People v. Roberts

Citation45 Cal.Rptr. 155,403 P.2d 411,63 Cal.2d 84
Decision Date29 June 1965
Docket NumberCr. 7466
CourtUnited States State Supreme Court (California)
Parties, 403 P.2d 411 The PEOPLE, Plaintiff and Respondent, v. Daniel Allen ROBERTS, Defendant and Appellant. The PEOPLE, Plaintiff and Appellant, v. Mae Blanche COLEMAN, Defendant and Respondent.

Nancy A. Rossi, Oakland, under appointment by the Supreme Court, for defendant and appellant.

Stanley Mosk and Thomas C. Lynch, Attys. Gen., Albert W. Harris, Jr., and Edward P. O'Brien, Deputy Attys. Gen., for plaintiff and appellant and plaintiff and respondent.

John A. Ertola, San Francisco, under appointment by the Supreme Court, for defendant and respondent.

TRAYNOR, Chief Justice.

A jury found the defendants guilty of first degree murder and fixed the penalty at death for Daniel Allen Roberts and life imprisonment for Mae Blanche Coleman. The trial court denied Roberts' motion for new trial but granted Mrs. Coleman's motion on the ground that involuntary statements were admitted in evidence against her. The People's appeal from the order granting Mrs. Coleman a new trial has been consolidated with Roberts' automatic appeal. (Pen.Code, §§ 1239, subd. (b).)
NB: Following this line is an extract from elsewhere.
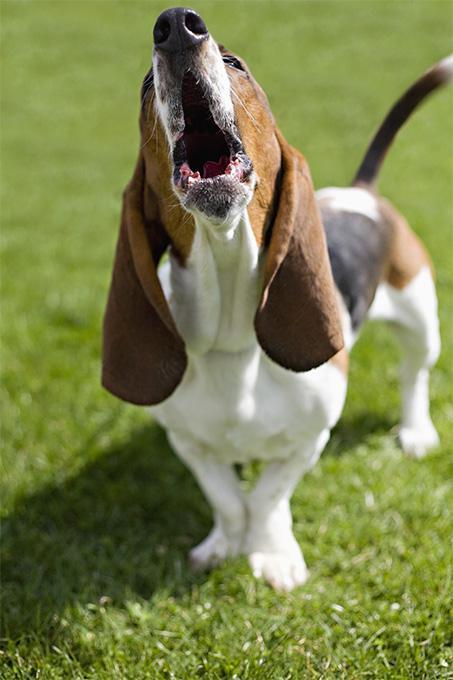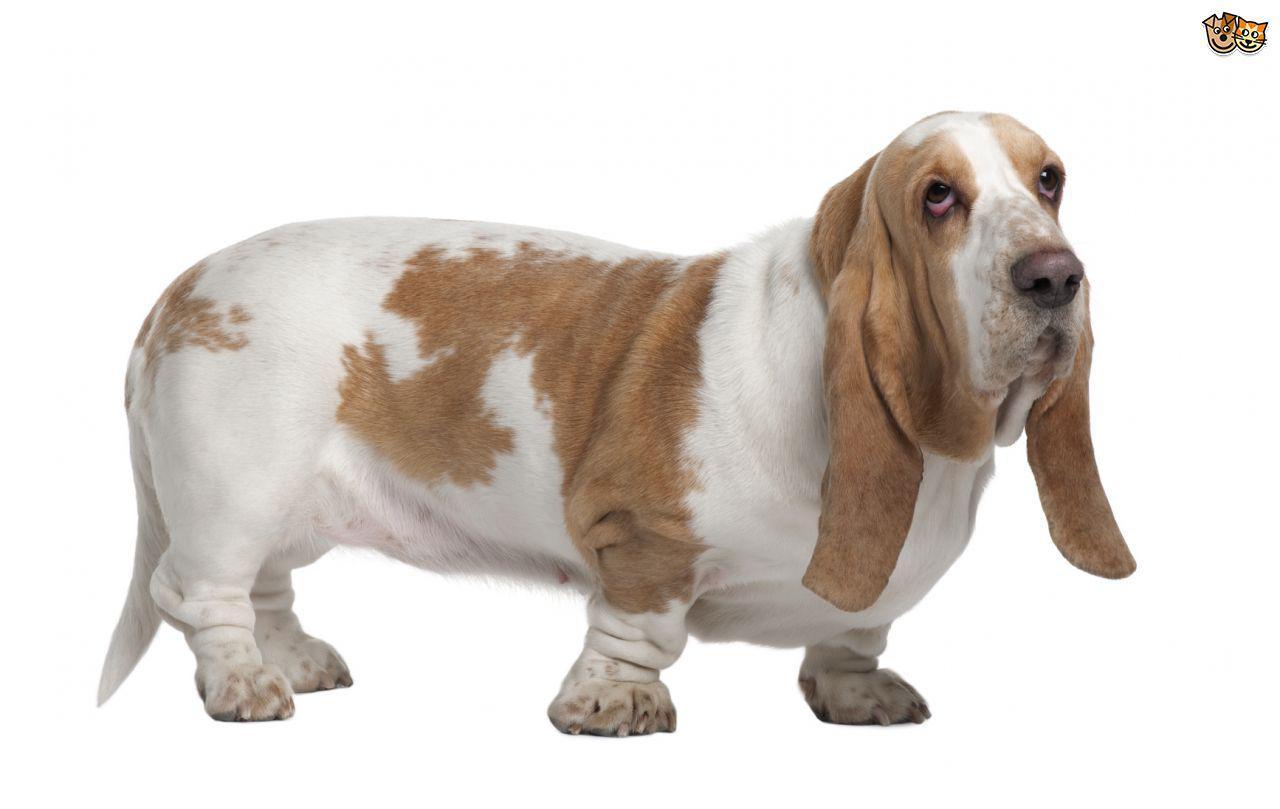The first image is the image on the left, the second image is the image on the right. Assess this claim about the two images: "An image shows one forward-turned basset hound, which has its mouth open fairly wide.". Correct or not? Answer yes or no. Yes. The first image is the image on the left, the second image is the image on the right. For the images shown, is this caption "The mouth of the dog in the image on the left is open." true? Answer yes or no. Yes.

Mr. and Mrs. Luther Popejoy managed the apartment house in which they lived in San Francisco. At approximately 10 p. m. on June 20, 1962, Popejoy left the building to go to his job at a steel plant. When he returned the next morning he found his wife dead under a bed in their bedroom. She had been strangled, possibly with an electrical extension cord, after having suffered a blow on the nose. The time of death was sometime between 10:30 p. m. on June 20, when she was last seen alive, and 2:30 the following morning. There was testimony that it would have required considerable strength for one person to place the body under the bed. A man's watch, the victim's purse, a pair of red shoes with small steel heels, the rental agreements between the Popejoys and their tenants, and a rent receipt book were missing. There was no evidence that the apartment had been entered forcibly.
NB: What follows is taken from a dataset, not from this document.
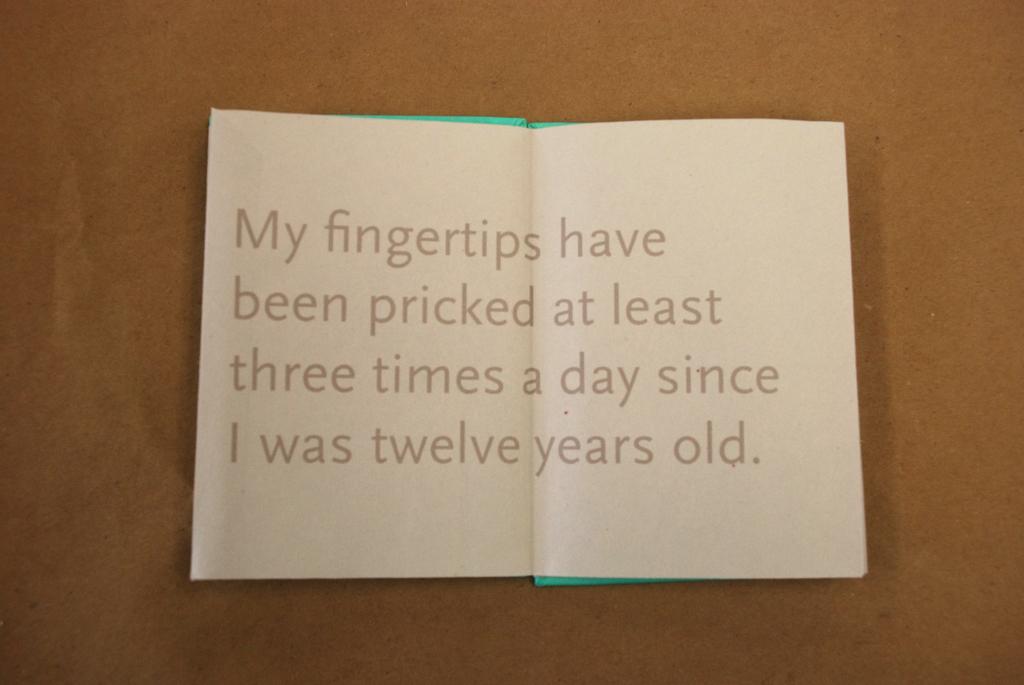What has been pricked?
Keep it short and to the point. Fingertips. Does having your fingers pricked mean you have diabetes?
Keep it short and to the point. Answering does not require reading text in the image.

Defendants had lived in the apartment house as man and wife for several months. Popejoy testified that on his way to work on the night of the killing he saw them sitting on the front steps of the building. Another tenant testified that he met defendant Roberts in the cellar of the building at approximately 10:30 p. m. that night. Roberts offered him several dozen books of matches, which he was throwing away because he was 'cleaning up.' Roberts and the witness walked out of the cellar together and separated in front of the victim's door when Roberts said he intended to pay his rent. As the witness walked upstairs Roberts knocked on the door. The victim called, 'what do you want at this time of night?' and Roberts said that he wished to pay the rent. The witness saw the victim open her door and Roberts enter the apartment.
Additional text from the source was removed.